## What you will do
Set down each line of the data below exactly as it stands, dropping the pictures.

## Stored items
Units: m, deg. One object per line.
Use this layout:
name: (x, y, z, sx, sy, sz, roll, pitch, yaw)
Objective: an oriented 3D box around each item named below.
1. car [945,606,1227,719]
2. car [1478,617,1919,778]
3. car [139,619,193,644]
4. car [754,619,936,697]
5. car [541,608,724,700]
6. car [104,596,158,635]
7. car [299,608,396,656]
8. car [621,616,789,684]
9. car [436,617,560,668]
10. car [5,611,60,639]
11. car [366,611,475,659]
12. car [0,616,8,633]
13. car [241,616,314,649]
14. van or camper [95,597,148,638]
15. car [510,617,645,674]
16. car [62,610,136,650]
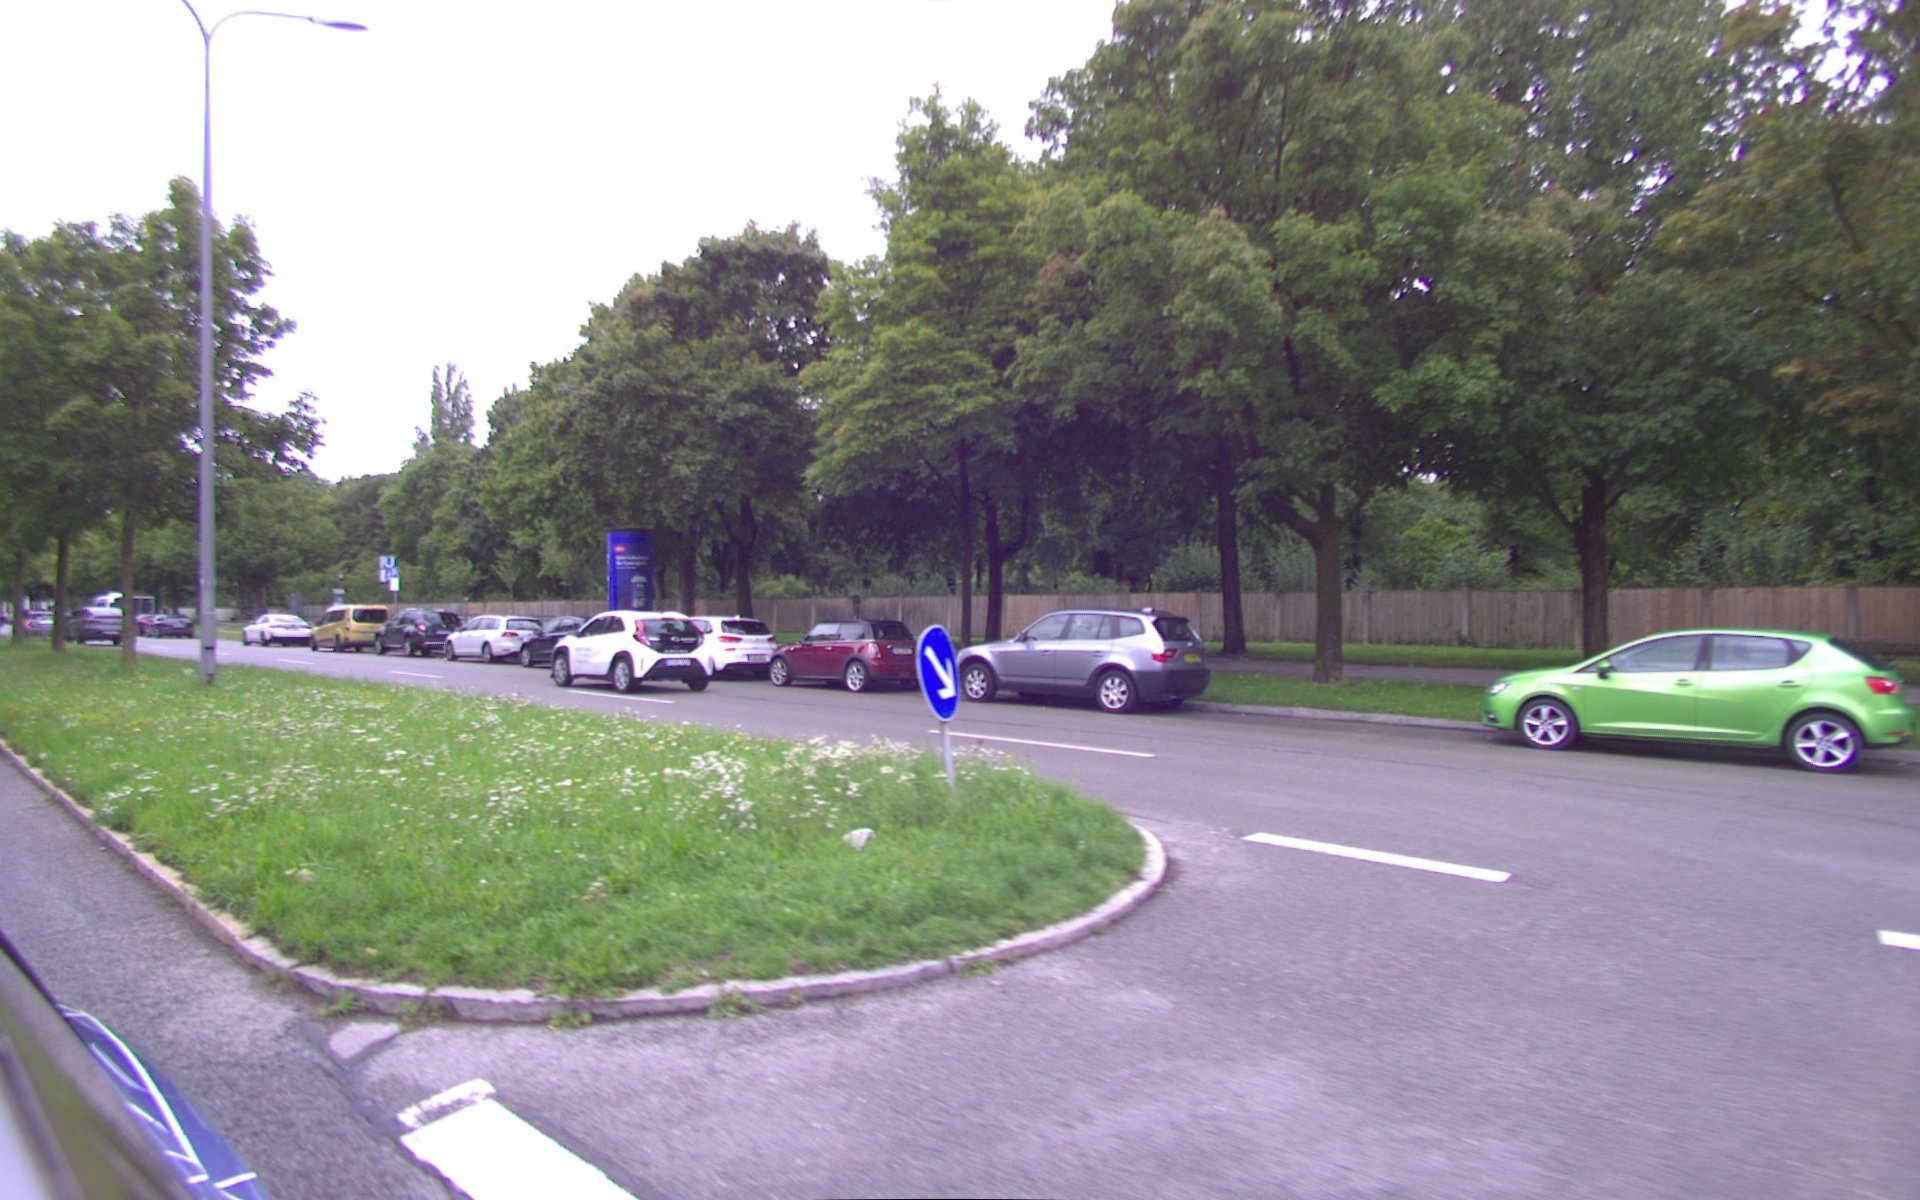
car: (2.001, 0.951, 16.898, 4.454, 1.643, 1.802, -1, -2, 41)
car: (8.195, 0.962, 11.322, 4.000, 1.511, 1.622, -1, -3, 43)
car: (-47.571, 1.864, 60.633, 4.038, 1.420, 1.695, -1, -2, 39)
car: (-2.400, 1.143, 20.641, 3.686, 1.433, 1.632, -1, -3, 42)
car: (-6.321, 0.950, 19.348, 3.722, 1.565, 1.801, -1, -1, 44)
car: (-56.703, 1.056, 69.174, 4.496, 2.611, 1.974, -1, -2, 39)
car: (-24.065, 1.232, 39.714, 4.530, 1.784, 1.838, -1, -2, 39)
car: (-6.143, 1.156, 24.126, 4.259, 1.488, 1.802, -1, -3, 42)
car: (-14.405, 1.278, 31.468, 4.297, 1.481, 1.803, -1, -2, 39)
car: (-48.255, 1.292, 52.638, 3.766, 1.393, 1.699, -1, -3, 42)
car: (-19.080, 1.211, 35.767, 4.038, 1.628, 1.982, -1, -2, 39)
car: (-96.458, 2.404, 100.824, 4.499, 1.682, 1.841, -1, -3, 41)
car: (-31.568, 1.466, 46.772, 4.038, 1.454, 1.695, -1, -2, 39)
van or camper: (-60.375, 1.259, 72.859, 4.927, 2.829, 1.974, -1, -2, 39)
car: (-10.548, 1.224, 27.841, 3.784, 1.457, 1.803, -1, -3, 39)
car: (-36.547, 1.249, 42.910, 4.500, 1.601, 1.802, -1, -1, 42)

## Response area
Units: m, deg. One object per line.
Use this layout:
name: (x, y, z, sx, sy, sz, roll, pitch, yaw)
Objective: an oriented 3D box around each item named below.
1. car [945,606,1227,719]
2. car [1478,617,1919,778]
3. car [139,619,193,644]
4. car [754,619,936,697]
5. car [541,608,724,700]
6. car [104,596,158,635]
7. car [299,608,396,656]
8. car [621,616,789,684]
9. car [436,617,560,668]
10. car [5,611,60,639]
11. car [366,611,475,659]
12. car [0,616,8,633]
13. car [241,616,314,649]
14. van or camper [95,597,148,638]
15. car [510,617,645,674]
16. car [62,610,136,650]
car: (2.001, 0.951, 16.898, 4.454, 1.643, 1.802, -1, -2, 41)
car: (8.195, 0.962, 11.322, 4.000, 1.511, 1.622, -1, -3, 43)
car: (-47.571, 1.864, 60.633, 4.038, 1.420, 1.695, -1, -2, 39)
car: (-2.400, 1.143, 20.641, 3.686, 1.433, 1.632, -1, -3, 42)
car: (-6.321, 0.950, 19.348, 3.722, 1.565, 1.801, -1, -1, 44)
car: (-56.703, 1.056, 69.174, 4.496, 2.611, 1.974, -1, -2, 39)
car: (-24.065, 1.232, 39.714, 4.530, 1.784, 1.838, -1, -2, 39)
car: (-6.143, 1.156, 24.126, 4.259, 1.488, 1.802, -1, -3, 42)
car: (-14.405, 1.278, 31.468, 4.297, 1.481, 1.803, -1, -2, 39)
car: (-48.255, 1.292, 52.638, 3.766, 1.393, 1.699, -1, -3, 42)
car: (-19.080, 1.211, 35.767, 4.038, 1.628, 1.982, -1, -2, 39)
car: (-96.458, 2.404, 100.824, 4.499, 1.682, 1.841, -1, -3, 41)
car: (-31.568, 1.466, 46.772, 4.038, 1.454, 1.695, -1, -2, 39)
van or camper: (-60.375, 1.259, 72.859, 4.927, 2.829, 1.974, -1, -2, 39)
car: (-10.548, 1.224, 27.841, 3.784, 1.457, 1.803, -1, -3, 39)
car: (-36.547, 1.249, 42.910, 4.500, 1.601, 1.802, -1, -1, 42)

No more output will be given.